We must never forget human frailty, and we can never forecast it. It will remain possible, under this Bill or under any other legislation, for accidents, neglect or greed to create pollution in future just as they have done in the past. That means that the powers of inspection and enforcement which will be invested in the NRA will be absolutely vital. In its use of those powers, the NRA will have the support and active co-operation of anglers throughout the country, who, after all, spend more time than anyone else on river banks and are much the best inspectors of water quality in our rivers. I am also glad to know that the public right to prosecute will remain in law. If that right is to be used properly, the law must be effective and help the public enforce their rights in addition to enforcement by the NRA.

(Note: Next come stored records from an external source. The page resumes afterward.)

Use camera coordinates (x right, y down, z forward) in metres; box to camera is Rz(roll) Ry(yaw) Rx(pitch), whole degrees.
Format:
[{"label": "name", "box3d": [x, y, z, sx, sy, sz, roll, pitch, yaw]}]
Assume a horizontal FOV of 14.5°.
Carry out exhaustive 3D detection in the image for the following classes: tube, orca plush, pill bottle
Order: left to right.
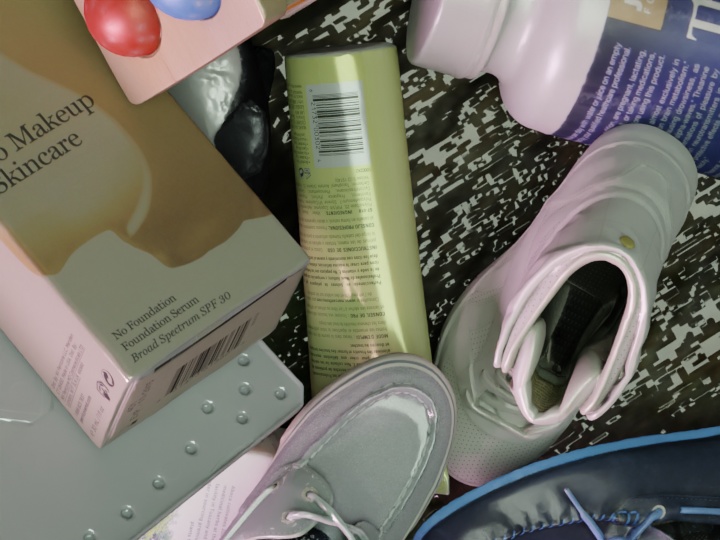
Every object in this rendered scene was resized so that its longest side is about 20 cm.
[{"label": "orca plush", "box3d": [-0.074, -0.090, 1.251, 0.105, 0.071, 0.201, -22, 90, 41]}, {"label": "tube", "box3d": [0.000, 0.000, 1.263, 0.052, 0.058, 0.201, -7, 96, -9]}, {"label": "pill bottle", "box3d": [0.127, -0.105, 1.235, 0.199, 0.111, 0.111, 14, 95, -9]}]

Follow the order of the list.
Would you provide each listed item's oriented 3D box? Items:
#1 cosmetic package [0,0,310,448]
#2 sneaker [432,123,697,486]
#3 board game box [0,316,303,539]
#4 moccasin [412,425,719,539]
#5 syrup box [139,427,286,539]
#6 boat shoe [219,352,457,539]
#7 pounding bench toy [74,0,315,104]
[{"label": "cosmetic package", "box3d": [-0.126, -0.038, 1.181, 0.105, 0.071, 0.200, -36, 78, -29]}, {"label": "sneaker", "box3d": [0.071, 0.039, 1.210, 0.074, 0.116, 0.200, 28, 126, 0]}, {"label": "board game box", "box3d": [-0.158, 0.041, 1.186, 0.200, 0.026, 0.200, -38, 78, -30]}, {"label": "moccasin", "box3d": [0.124, 0.115, 1.260, 0.199, 0.081, 0.068, -13, 66, -15]}, {"label": "syrup box", "box3d": [-0.119, 0.096, 1.245, 0.199, 0.081, 0.079, 12, 95, -11]}, {"label": "boat shoe", "box3d": [-0.024, 0.123, 1.184, 0.070, 0.072, 0.201, 39, 86, -10]}, {"label": "pounding bench toy", "box3d": [-0.068, -0.193, 1.137, 0.156, 0.124, 0.200, -30, 93, -32]}]
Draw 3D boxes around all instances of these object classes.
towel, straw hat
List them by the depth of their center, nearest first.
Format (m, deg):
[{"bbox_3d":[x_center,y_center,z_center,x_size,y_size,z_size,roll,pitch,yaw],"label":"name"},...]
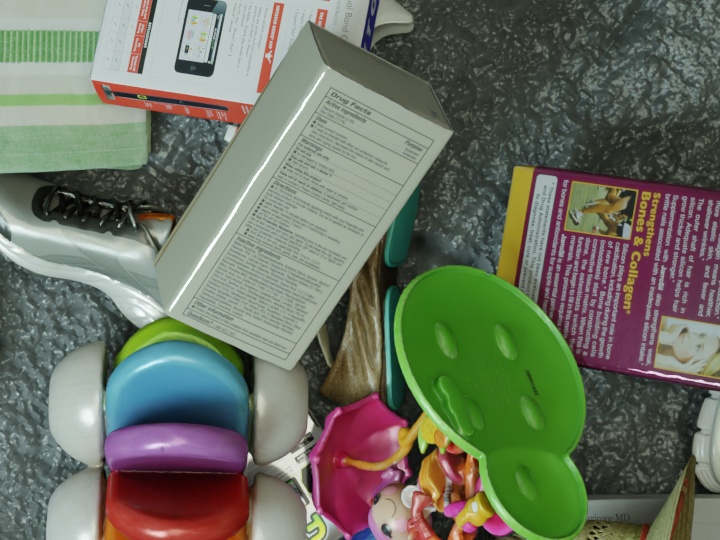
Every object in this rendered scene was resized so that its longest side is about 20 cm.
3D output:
[{"bbox_3d":[0.157,0.204,1.486,0.084,0.201,0.203,9,89,12],"label":"straw hat"},{"bbox_3d":[-0.209,-0.168,1.585,0.152,0.023,0.202,-4,91,-42],"label":"towel"}]

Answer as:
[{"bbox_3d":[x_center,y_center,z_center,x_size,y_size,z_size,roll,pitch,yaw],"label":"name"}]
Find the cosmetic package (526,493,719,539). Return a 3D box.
[{"bbox_3d":[0.203,0.230,1.599,0.199,0.052,0.152,3,86,-33],"label":"cosmetic package"}]

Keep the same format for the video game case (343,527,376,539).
[{"bbox_3d":[-0.014,0.262,1.557,0.199,0.181,0.046,-38,117,-4],"label":"video game case"}]

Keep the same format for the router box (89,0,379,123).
[{"bbox_3d":[-0.075,-0.201,1.582,0.178,0.049,0.202,10,76,7],"label":"router box"}]

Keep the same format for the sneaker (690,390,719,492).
[{"bbox_3d":[0.294,0.062,1.620,0.078,0.090,0.202,1,98,-42],"label":"sneaker"}]

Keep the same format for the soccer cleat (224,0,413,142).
[{"bbox_3d":[-0.033,-0.111,1.615,0.085,0.069,0.201,26,83,6],"label":"soccer cleat"}]

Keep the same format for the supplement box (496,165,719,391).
[{"bbox_3d":[0.199,0.008,1.576,0.198,0.103,0.132,10,89,27],"label":"supplement box"}]

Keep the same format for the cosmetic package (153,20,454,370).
[{"bbox_3d":[-0.040,-0.046,1.506,0.103,0.073,0.201,26,111,-25],"label":"cosmetic package"}]

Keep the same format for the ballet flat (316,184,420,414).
[{"bbox_3d":[0.000,0.000,1.627,0.072,0.068,0.202,5,93,15],"label":"ballet flat"}]

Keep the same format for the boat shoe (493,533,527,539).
[{"bbox_3d":[0.073,0.274,1.595,0.074,0.066,0.202,25,103,39],"label":"boat shoe"}]

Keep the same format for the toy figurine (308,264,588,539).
[{"bbox_3d":[0.045,0.130,1.537,0.149,0.184,0.201,1,57,-39],"label":"toy figurine"}]

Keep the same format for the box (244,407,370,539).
[{"bbox_3d":[-0.100,0.179,1.624,0.199,0.035,0.111,-33,92,-4],"label":"box"}]

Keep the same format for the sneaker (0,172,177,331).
[{"bbox_3d":[-0.174,-0.026,1.588,0.199,0.074,0.080,28,125,-9],"label":"sneaker"}]

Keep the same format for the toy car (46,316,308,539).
[{"bbox_3d":[-0.121,0.130,1.530,0.173,0.150,0.202,1,86,-2],"label":"toy car"}]
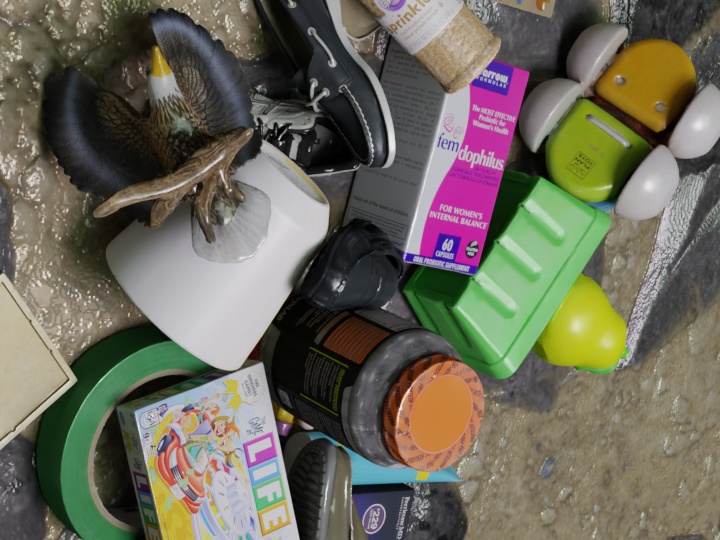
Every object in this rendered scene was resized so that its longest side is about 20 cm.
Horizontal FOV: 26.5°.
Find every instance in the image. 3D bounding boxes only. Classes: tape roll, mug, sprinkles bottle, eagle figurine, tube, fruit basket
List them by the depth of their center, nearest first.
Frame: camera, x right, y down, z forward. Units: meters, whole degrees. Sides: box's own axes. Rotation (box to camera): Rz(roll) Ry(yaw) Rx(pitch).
[{"bbox_3d":[-0.146,-0.109,1.171,0.150,0.200,0.152,12,107,-28],"label":"eagle figurine"},{"bbox_3d":[-0.105,-0.030,1.275,0.149,0.187,0.153,41,101,-9],"label":"mug"},{"bbox_3d":[0.032,-0.244,1.315,0.200,0.068,0.068,44,74,-13],"label":"sprinkles bottle"},{"bbox_3d":[-0.186,0.151,1.346,0.199,0.048,0.203,-15,114,-36],"label":"tape roll"},{"bbox_3d":[0.013,0.184,1.503,0.199,0.078,0.051,5,132,-45],"label":"tube"},{"bbox_3d":[0.173,0.023,1.537,0.214,0.155,0.218,-8,105,-32],"label":"fruit basket"}]

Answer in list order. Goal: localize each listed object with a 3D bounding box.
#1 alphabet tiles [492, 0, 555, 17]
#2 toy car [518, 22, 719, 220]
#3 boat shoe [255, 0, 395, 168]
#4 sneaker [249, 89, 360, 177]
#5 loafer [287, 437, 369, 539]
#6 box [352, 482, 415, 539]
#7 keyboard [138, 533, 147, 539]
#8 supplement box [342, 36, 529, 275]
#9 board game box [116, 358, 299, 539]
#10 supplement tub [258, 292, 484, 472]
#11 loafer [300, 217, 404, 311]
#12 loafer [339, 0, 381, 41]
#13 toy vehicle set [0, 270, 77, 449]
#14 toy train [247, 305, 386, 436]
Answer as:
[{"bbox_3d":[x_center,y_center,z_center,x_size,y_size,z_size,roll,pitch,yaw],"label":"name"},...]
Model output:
[{"bbox_3d":[0.163,-0.345,1.509,0.199,0.006,0.168,6,100,-41],"label":"alphabet tiles"},{"bbox_3d":[0.266,-0.140,1.583,0.200,0.174,0.150,-49,166,-17],"label":"toy car"},{"bbox_3d":[-0.033,-0.172,1.310,0.060,0.076,0.201,-19,72,-26],"label":"boat shoe"},{"bbox_3d":[-0.081,-0.121,1.320,0.198,0.087,0.077,-2,107,-39],"label":"sneaker"},{"bbox_3d":[-0.026,0.248,1.403,0.069,0.075,0.203,-5,106,-30],"label":"loafer"},{"bbox_3d":[-0.037,0.301,1.506,0.140,0.078,0.202,2,103,-43],"label":"box"},{"bbox_3d":[-0.128,0.299,1.370,0.104,0.040,0.200,-47,122,-11],"label":"keyboard"},{"bbox_3d":[0.069,-0.109,1.443,0.100,0.103,0.202,9,97,-40],"label":"supplement box"},{"bbox_3d":[-0.127,0.193,1.329,0.134,0.034,0.202,-20,104,-35],"label":"board game box"},{"bbox_3d":[0.009,0.095,1.326,0.121,0.199,0.124,-12,112,-33],"label":"supplement tub"},{"bbox_3d":[0.000,0.000,1.298,0.068,0.070,0.201,-56,176,14],"label":"loafer"},{"bbox_3d":[0.036,-0.281,1.379,0.200,0.068,0.076,-50,130,-16],"label":"loafer"},{"bbox_3d":[-0.334,0.106,1.219,0.200,0.026,0.125,-42,127,-22],"label":"toy vehicle set"},{"bbox_3d":[-0.032,0.080,1.449,0.198,0.055,0.152,-15,114,-36],"label":"toy train"}]
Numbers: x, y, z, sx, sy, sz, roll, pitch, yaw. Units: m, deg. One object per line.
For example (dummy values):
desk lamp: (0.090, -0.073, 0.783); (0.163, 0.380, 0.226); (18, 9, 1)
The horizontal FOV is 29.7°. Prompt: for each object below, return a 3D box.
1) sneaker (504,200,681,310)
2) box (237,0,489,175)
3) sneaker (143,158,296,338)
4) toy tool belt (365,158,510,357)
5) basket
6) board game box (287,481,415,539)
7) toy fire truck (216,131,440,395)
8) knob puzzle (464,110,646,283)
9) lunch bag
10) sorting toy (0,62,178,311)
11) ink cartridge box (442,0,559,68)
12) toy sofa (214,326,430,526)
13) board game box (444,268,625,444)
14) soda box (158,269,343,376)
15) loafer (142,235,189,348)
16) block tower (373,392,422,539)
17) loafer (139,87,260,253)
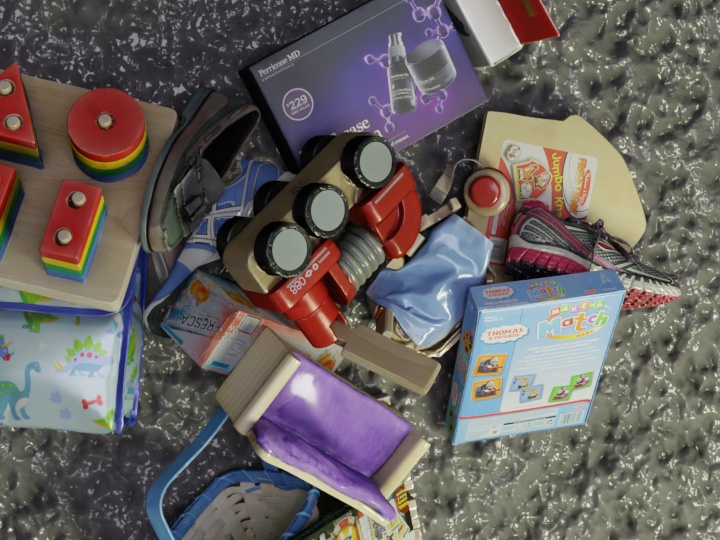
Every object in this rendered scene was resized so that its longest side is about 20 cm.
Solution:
sneaker: (0.240, -0.011, 1.362); (0.198, 0.080, 0.076); (18, 71, -23)
box: (0.003, -0.179, 1.316); (0.198, 0.079, 0.142); (-30, 99, -9)
sneaker: (-0.133, -0.020, 1.264); (0.077, 0.076, 0.200); (34, 72, 26)
toy tool belt: (0.078, -0.010, 1.303); (0.124, 0.123, 0.201); (35, 98, 5)
basket: (-0.121, 0.240, 1.271); (0.176, 0.137, 0.202); (-46, 131, -49)
board game box: (-0.015, 0.278, 1.270); (0.199, 0.023, 0.106); (-24, 108, -48)
toy fire truck: (0.000, 0.000, 1.210); (0.176, 0.128, 0.201); (-46, 118, -22)
knob puzzle: (0.200, -0.060, 1.398); (0.216, 0.030, 0.223); (-2, 98, -15)
lunch bag: (-0.283, 0.041, 1.237); (0.167, 0.127, 0.203); (6, 88, -2)
sorting toy: (-0.282, -0.088, 1.191); (0.197, 0.070, 0.201); (12, 65, 3)
ink cartridge box: (0.092, -0.289, 1.275); (0.044, 0.176, 0.201); (-32, 102, -8)
toy sofa: (-0.026, 0.142, 1.216); (0.199, 0.098, 0.083); (36, 95, -39)
board game box: (0.169, 0.088, 1.343); (0.149, 0.037, 0.202); (-7, 137, -13)
soda box: (-0.094, 0.062, 1.257); (0.064, 0.068, 0.199); (-54, 149, 7)
loafer: (-0.186, -0.030, 1.297); (0.062, 0.071, 0.203); (-21, 106, -39)
block tower: (0.025, 0.232, 1.372); (0.053, 0.058, 0.203); (-13, 97, -13)
loafer: (-0.144, -0.094, 1.230); (0.062, 0.202, 0.072); (8, 137, 9)
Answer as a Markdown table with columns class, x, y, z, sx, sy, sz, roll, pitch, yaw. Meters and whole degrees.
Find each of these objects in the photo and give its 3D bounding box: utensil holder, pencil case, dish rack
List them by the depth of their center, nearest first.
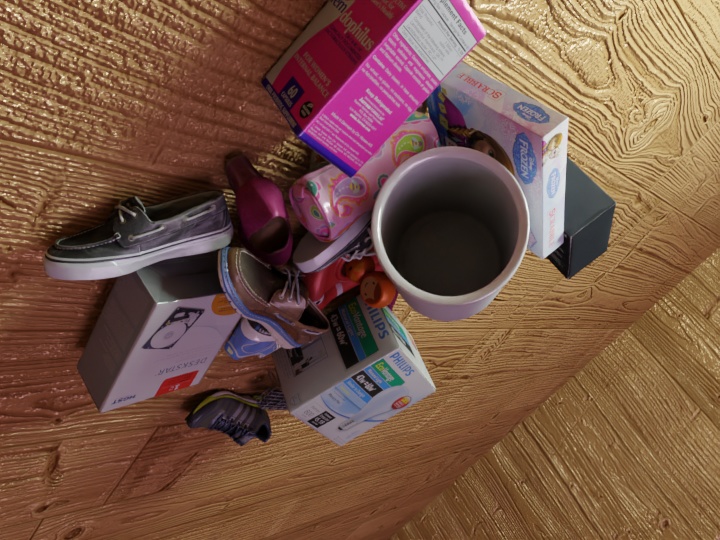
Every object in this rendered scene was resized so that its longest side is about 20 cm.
| class | x | y | z | sx | sy | sz | roll | pitch | yaw |
| --- | --- | --- | --- | --- | --- | --- | --- | --- | --- |
| pencil case | 0.010 | -0.119 | 0.715 | 0.199 | 0.087 | 0.088 | -38 | 153 | -20 |
| utensil holder | 0.107 | -0.029 | 0.718 | 0.169 | 0.171 | 0.200 | -35 | 165 | 1 |
| dish rack | -0.102 | 0.190 | 1.116 | 0.200 | 0.055 | 0.153 | -42 | 148 | 14 |

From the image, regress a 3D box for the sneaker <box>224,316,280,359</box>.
| class | x | y | z | sx | sy | sz | roll | pitch | yaw |
| --- | --- | --- | --- | --- | --- | --- | --- | --- | --- |
| sneaker | -0.133 | 0.078 | 0.873 | 0.077 | 0.076 | 0.200 | -44 | 168 | 15 |

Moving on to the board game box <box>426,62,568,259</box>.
| class | x | y | z | sx | sy | sz | roll | pitch | yaw |
| --- | --- | --- | --- | --- | --- | --- | --- | --- | --- |
| board game box | 0.164 | -0.139 | 0.734 | 0.041 | 0.199 | 0.201 | -36 | 141 | -12 |

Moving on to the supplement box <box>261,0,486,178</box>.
| class | x | y | z | sx | sy | sz | roll | pitch | yaw |
| --- | --- | --- | --- | --- | --- | --- | --- | --- | --- |
| supplement box | 0.011 | -0.214 | 0.602 | 0.200 | 0.102 | 0.103 | -44 | 144 | 14 |

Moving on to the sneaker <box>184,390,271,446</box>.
| class | x | y | z | sx | sy | sz | roll | pitch | yaw |
| --- | --- | --- | --- | --- | --- | --- | --- | --- | --- |
| sneaker | -0.226 | 0.269 | 1.070 | 0.074 | 0.081 | 0.199 | -46 | 149 | 18 |

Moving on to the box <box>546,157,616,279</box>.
| class | x | y | z | sx | sy | sz | roll | pitch | yaw |
| --- | --- | --- | --- | --- | --- | --- | --- | --- | --- |
| box | 0.256 | -0.106 | 0.840 | 0.078 | 0.201 | 0.141 | -36 | 151 | 2 |

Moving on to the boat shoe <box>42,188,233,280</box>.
| class | x | y | z | sx | sy | sz | roll | pitch | yaw |
| --- | --- | --- | --- | --- | --- | --- | --- | --- | --- |
| boat shoe | -0.236 | -0.047 | 0.639 | 0.197 | 0.072 | 0.072 | -17 | 124 | -27 |

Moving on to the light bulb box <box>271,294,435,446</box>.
| class | x | y | z | sx | sy | sz | roll | pitch | yaw |
| --- | --- | --- | --- | --- | --- | --- | --- | --- | --- |
| light bulb box | -0.008 | 0.165 | 0.986 | 0.198 | 0.126 | 0.199 | -31 | 142 | 7 |

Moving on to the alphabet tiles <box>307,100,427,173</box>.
| class | x | y | z | sx | sy | sz | roll | pitch | yaw |
| --- | --- | --- | --- | --- | --- | --- | --- | --- | --- |
| alphabet tiles | 0.011 | -0.171 | 0.764 | 0.164 | 0.006 | 0.202 | -17 | 145 | -29 |

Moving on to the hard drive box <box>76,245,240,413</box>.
| class | x | y | z | sx | sy | sz | roll | pitch | yaw |
| --- | --- | --- | --- | --- | --- | --- | --- | --- | --- |
| hard drive box | -0.243 | 0.071 | 0.754 | 0.155 | 0.077 | 0.201 | -10 | 144 | -52 |

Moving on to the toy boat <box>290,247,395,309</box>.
| class | x | y | z | sx | sy | sz | roll | pitch | yaw |
| --- | --- | --- | --- | --- | --- | --- | --- | --- | --- |
| toy boat | 0.000 | 0.000 | 0.856 | 0.198 | 0.131 | 0.132 | -27 | 150 | -25 |

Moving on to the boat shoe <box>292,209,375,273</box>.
| class | x | y | z | sx | sy | sz | roll | pitch | yaw |
| --- | --- | --- | --- | --- | --- | --- | --- | --- | --- |
| boat shoe | -0.007 | -0.048 | 0.774 | 0.200 | 0.073 | 0.069 | -49 | 125 | -38 |

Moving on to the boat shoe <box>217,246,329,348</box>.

My hon. and learned Friend the Minister for Water and Planning felt that my amendment No. 86 to clause 143 was unnecessary. He has written to several of my hon. Friends explaining his views. In his letter he states :

"The Bill as drafted already meets the requirements"

which the amendment seeks to achieve because--and I do not deny this--

"it will be open to anyone to bring a prosecution over the pollution of controlled waters' including prosecutions for breaches of the conditions attached to consents granted by the National Rivers Authority for the discharge of trade and sewage effluent

Second, the NRA as the body statutorily responsible for effluent discharge consents will have to use its powers under the clauses to enter premises and sample effluent discharges in a systematic manner to ensure that the conditions of the consents are being met. Where a sample suggests that a consent requirement is being breached in a manner which could give grounds for prosecution, we would normally expect the NRA to start taking formal samples in accordance with Clause 143. But since the circumstances of each case will vary, it would be inappropriate to deny the Authority discretion as to whether this is appropriate in a particular case, and as to the number of occasions on which the taking of a formal sample is necessary. For that reason we could not support the particular amendment But the Authority will have a clear obligation to take such number of formal samples as permits full and effective enforcement of the legislation, and the Secretary of State will have the power ... to direct the Authority on how to discharge this obligation."

So far, so good. However, in my capacity as a member of the council of the Angler's Co-operative Association which has initiated several prosecutions in this area, I must say that we are by no means convinced that my hon. Friend the Minister is right.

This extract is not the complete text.